Amazon CEO Andy Jassy used the company’s Q3 call to put agentic commerce squarely on the map, arguing that much of AI’s business value “will be in the form of agents” and that Amazon Web Services (AWS) is assembling the tools to take those agents from proofs of concept to production.

“AWS is heavily investing in this area and well positioned to be a leader,” he said.

Jassy framed the effort as a reprise of AWS’s early cloud playbook: modular infrastructure and developer tooling. For companies building their own agents, Amazon introduced Strands, which he said makes it “much easier to create agents from any foundation model that builders desire.”

For running them at scale, AWS launched AgentCore, a runtime and operations layer Jassy described as “a set of infrastructure building blocks that allow builders to deploy secure, scalable agents.”

Early users include Ericsson, Sony and Cohere Health, which deploys agents that cut medical review times “by up to 30% to 40%.” He added that the AgentCore SDK has already been downloaded more than 1 million times.

Amazon ranks No. 1 in Digital Commerce 360’s Top 2000 Database. The database is how Digital Commerce 360 tracks the largest North American online retailers by their annual ecommerce sales.

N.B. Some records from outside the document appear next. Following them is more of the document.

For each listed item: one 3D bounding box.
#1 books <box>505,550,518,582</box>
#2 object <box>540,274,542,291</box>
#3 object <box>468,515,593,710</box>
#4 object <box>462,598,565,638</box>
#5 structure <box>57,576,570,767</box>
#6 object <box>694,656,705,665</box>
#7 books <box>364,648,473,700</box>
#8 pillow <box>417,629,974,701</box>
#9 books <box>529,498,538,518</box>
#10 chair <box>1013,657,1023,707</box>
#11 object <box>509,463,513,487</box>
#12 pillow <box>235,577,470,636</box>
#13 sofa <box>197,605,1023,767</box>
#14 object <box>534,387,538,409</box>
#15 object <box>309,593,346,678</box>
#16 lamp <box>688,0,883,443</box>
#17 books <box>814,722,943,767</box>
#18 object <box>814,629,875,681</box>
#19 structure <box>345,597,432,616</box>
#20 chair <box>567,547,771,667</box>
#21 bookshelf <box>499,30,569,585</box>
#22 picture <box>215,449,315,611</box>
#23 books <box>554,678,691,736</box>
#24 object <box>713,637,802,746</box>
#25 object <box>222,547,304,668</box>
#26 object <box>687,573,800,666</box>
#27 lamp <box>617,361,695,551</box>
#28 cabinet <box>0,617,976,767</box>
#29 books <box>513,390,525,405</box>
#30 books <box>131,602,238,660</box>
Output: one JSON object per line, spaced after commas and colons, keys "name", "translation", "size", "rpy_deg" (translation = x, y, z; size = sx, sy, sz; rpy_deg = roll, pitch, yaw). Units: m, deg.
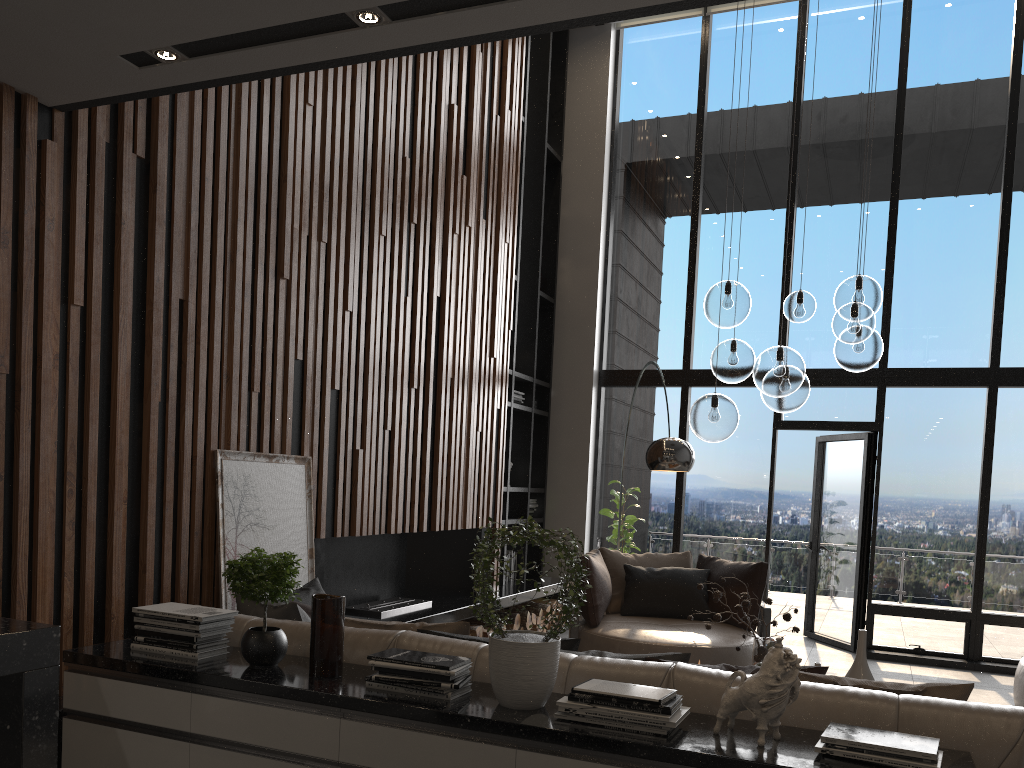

Amazon is also No. 3 in Digital Commerce 360’s Global Online Marketplaces Database. That database ranks the 100 largest such marketplaces by third-party gross merchandise value (GMV).

How AWS is investing in agentic AI

AWS is seeding its own agents as well. Jassy pointed to Kiro, an “agentic coding IDE” that drew more than 100,000 developers in its first days of preview and has processed trillions of tokens, and Transform, an agent customers used to save 700,000 hours of manual effort this year, including Thomson Reuters’ migration work. For business users, Quick Suite aims to bring “a consumer AI-like experience to work,” with early users seeing more than 80% time savings on complex tasks, according to Jassy.

The push rides on a fast-expanding compute backbone. Jassy said AWS added 3.8 gigawatts of power capacity in the last year and expects to double overall capacity again by 2027.

He highlighted Project Rainier, a U.S. cluster with 500,000 Trainium2 chips, now training Anthropic’s next Claude models and expected to surpass 1 million Trainium2 chips by year-end. Trainium2, he said, is “fully subscribed,” a multibillion-dollar business that grew 150% quarter-over-quarter, with Trainium3 previewing at the end of this year and broader volumes coming in early 2026.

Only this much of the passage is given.